I am taken to the cleaners and explained by more than one that Lean is a set of tools. I ask for a little evidence, and I am referred to 1986 Womack and Jones. I corrected someone on the origin of the Lean name and a few other minor points. I mention that, yes it favored the tools in 90s, but that was the age of process methodologies. I was asked for more evidence, and I mention that if you look at how Lean has matured through the years, or better yet observing just the progression from the original Toyota Way book (basically a tool book) to the Toyota Way material of today, you can see the progression of Lean. I also ask how Systems Thinking has progressed and could someone name an organization that would call themselves a Systems Thinking Company. The reply was that everything was a system and that they deal in the social...blah blah world. I am given a link to a page to explain everything. The central theme of the page to include an outline was a value map, a tool.

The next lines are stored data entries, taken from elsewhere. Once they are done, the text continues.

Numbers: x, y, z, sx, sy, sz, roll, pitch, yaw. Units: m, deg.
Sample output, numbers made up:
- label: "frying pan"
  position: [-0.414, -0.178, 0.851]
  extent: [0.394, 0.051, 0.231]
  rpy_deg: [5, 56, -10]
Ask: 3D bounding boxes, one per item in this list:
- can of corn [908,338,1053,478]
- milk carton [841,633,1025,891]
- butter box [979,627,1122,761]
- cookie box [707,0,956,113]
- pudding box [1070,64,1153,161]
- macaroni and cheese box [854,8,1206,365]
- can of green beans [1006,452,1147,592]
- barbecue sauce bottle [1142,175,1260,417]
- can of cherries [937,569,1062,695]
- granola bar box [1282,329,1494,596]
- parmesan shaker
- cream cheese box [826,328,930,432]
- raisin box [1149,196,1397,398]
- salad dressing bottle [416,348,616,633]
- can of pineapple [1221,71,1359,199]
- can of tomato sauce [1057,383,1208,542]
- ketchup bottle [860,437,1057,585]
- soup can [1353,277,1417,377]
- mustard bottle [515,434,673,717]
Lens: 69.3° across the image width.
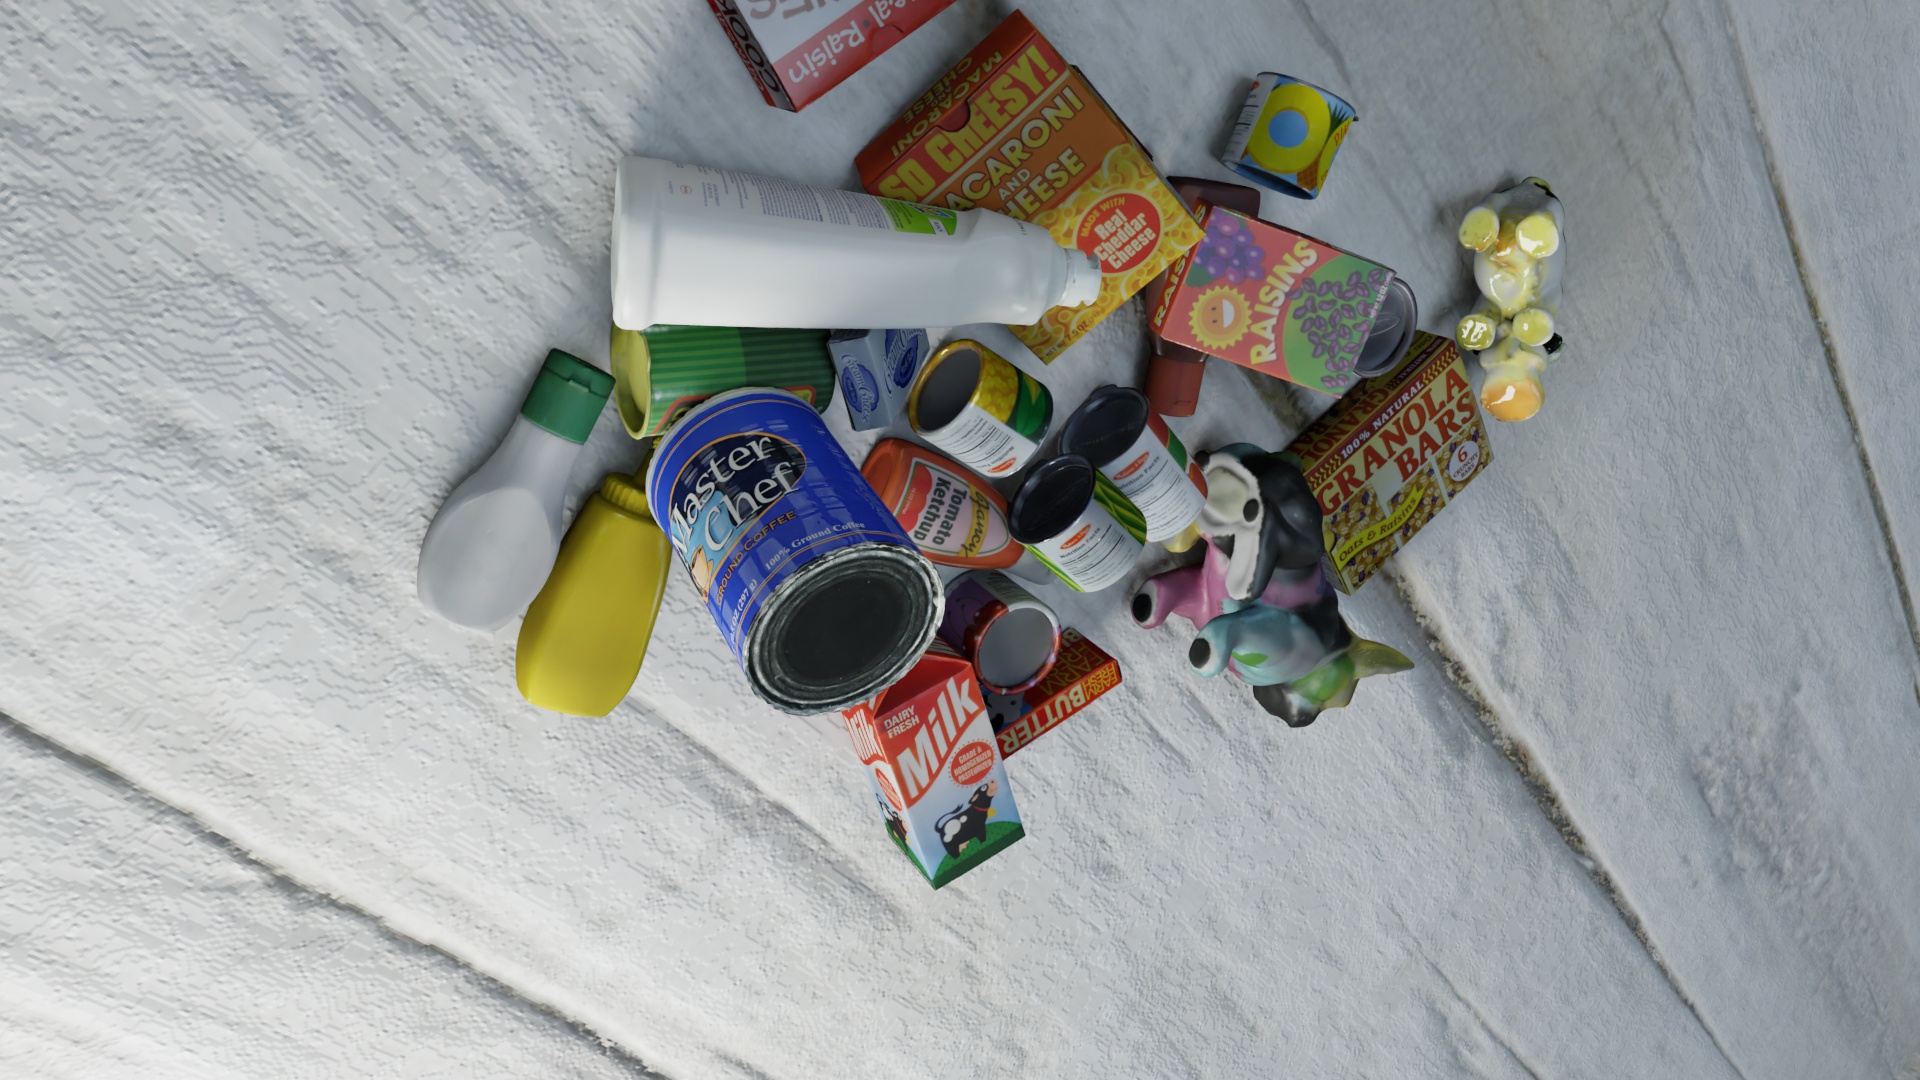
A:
- label: "can of corn"
  position: [0.011, -0.080, 0.825]
  extent: [0.058, 0.071, 0.071]
  rpy_deg: [29, 94, -36]
- label: "milk carton"
  position: [-0.026, 0.121, 0.881]
  extent: [0.074, 0.072, 0.189]
  rpy_deg: [-28, 122, -18]
- label: "butter box"
  position: [0.052, 0.102, 0.933]
  extent: [0.104, 0.053, 0.024]
  rpy_deg: [-31, 125, -17]
- label: "cookie box"
  position: [-0.081, -0.317, 0.683]
  extent: [0.123, 0.040, 0.166]
  rpy_deg: [-40, 125, -11]
- label: "pudding box"
  position: [0.069, -0.233, 0.816]
  extent: [0.083, 0.030, 0.049]
  rpy_deg: [38, 87, -37]
- label: "macaroni and cheese box"
  position: [0.042, -0.193, 0.784]
  extent: [0.123, 0.040, 0.166]
  rpy_deg: [-39, 128, 17]
- label: "can of green beans"
  position: [0.072, -0.010, 0.847]
  extent: [0.071, 0.071, 0.057]
  rpy_deg: [-51, 125, -3]
- label: "barbecue sauce bottle"
  position: [0.147, -0.154, 0.888]
  extent: [0.065, 0.044, 0.148]
  rpy_deg: [1, 110, -22]
- label: "can of cherries"
  position: [0.022, 0.061, 0.894]
  extent: [0.072, 0.058, 0.071]
  rpy_deg: [-12, 115, -27]
- label: "granola bar box"
  position: [0.316, -0.057, 1.035]
  extent: [0.166, 0.039, 0.123]
  rpy_deg: [-42, 125, -10]
- label: "parmesan shaker"
  position: [-0.124, -0.092, 0.732]
  extent: [0.103, 0.071, 0.071]
  rpy_deg: [-9, 115, -28]
- label: "cream cheese box"
  position: [-0.043, -0.107, 0.764]
  extent: [0.024, 0.104, 0.053]
  rpy_deg: [-7, 119, 16]
- label: "raisin box"
  position: [0.189, -0.148, 0.847]
  extent: [0.123, 0.040, 0.085]
  rpy_deg: [17, 108, -11]
- label: "salad dressing bottle"
  position: [-0.226, -0.026, 0.716]
  extent: [0.064, 0.044, 0.147]
  rpy_deg: [27, 94, -23]
- label: "can of pineapple"
  position: [0.206, -0.251, 0.868]
  extent: [0.071, 0.071, 0.057]
  rpy_deg: [16, 102, -35]
- label: "can of tomato sauce"
  position: [0.113, -0.049, 0.900]
  extent: [0.071, 0.071, 0.083]
  rpy_deg: [-49, 127, -4]
- label: "ketchup bottle"
  position: [0.003, -0.011, 0.862]
  extent: [0.149, 0.043, 0.064]
  rpy_deg: [23, 91, -37]
- label: "soup can"
  position: [0.251, -0.153, 0.927]
  extent: [0.071, 0.084, 0.071]
  rpy_deg: [-12, 116, -27]
- label: "mustard bottle"
  position: [-0.189, 0.015, 0.752]
  extent: [0.065, 0.049, 0.160]
  rpy_deg: [19, 99, -34]

I asked why a tool was chosen to explain Systems Thinking.

The funny part was the moderator commented on how myopic this conversation was etc. I apologized and just said that I had come to learn about Systems Thinking and hoped I could still do so. After the moderator participates in the thread, there was a flood of others that joined in and the conversation was civil for a while till the original Lean bashing returned. I even read that Dr. Deming held an isolated view of Systems Thinking.

I finally left the group and un-Linked a few contacts from my profile. The group seems highly knowledgeable, but they came across to me as an elitist group protecting their elitism. I bash Lean for being to supply-side orientated all the time. I bash Lean for being tool-happy. I can understand others for doing it and thinking that way. What I could not accept in the conversation was the elitism that occurred and the failure to be willing to discuss the original question, the similarities. Instead, it continued as another onslaught of what I would call Lean bashing. I left the conversation and the group as I really did not see what I could contribute.

In summary, I believe that all systems are very similar. The difference from DMAIC to PDCA to Casual Loops are not all that different. The difference is the path we take to get there and the people we align ourselves with to accomplish it. It is a shame we spend so much time bashing the other methods. Lean happens to be a popular business model at this time. For Systems Thinkers to say that it is a tool box, it appears to me that they are internalized in their own thinking. They even cited ASQ as adding Systems Thinking to the Lean body of knowledge. What they failed to realize, it was being added to the Lean body of knowledge, not the other way around.

I left thinking that Systems Thinking may be a dead language. It is seldom spoken in business and only a few study it.  It may be the basis and important part of how we must view things, but it has been swallowed up in the dialect of other methodologies. It reminds of the Latin language. Latin is an important part of most Mediterranean languages, but it is not spoken. Its usefulness has passed.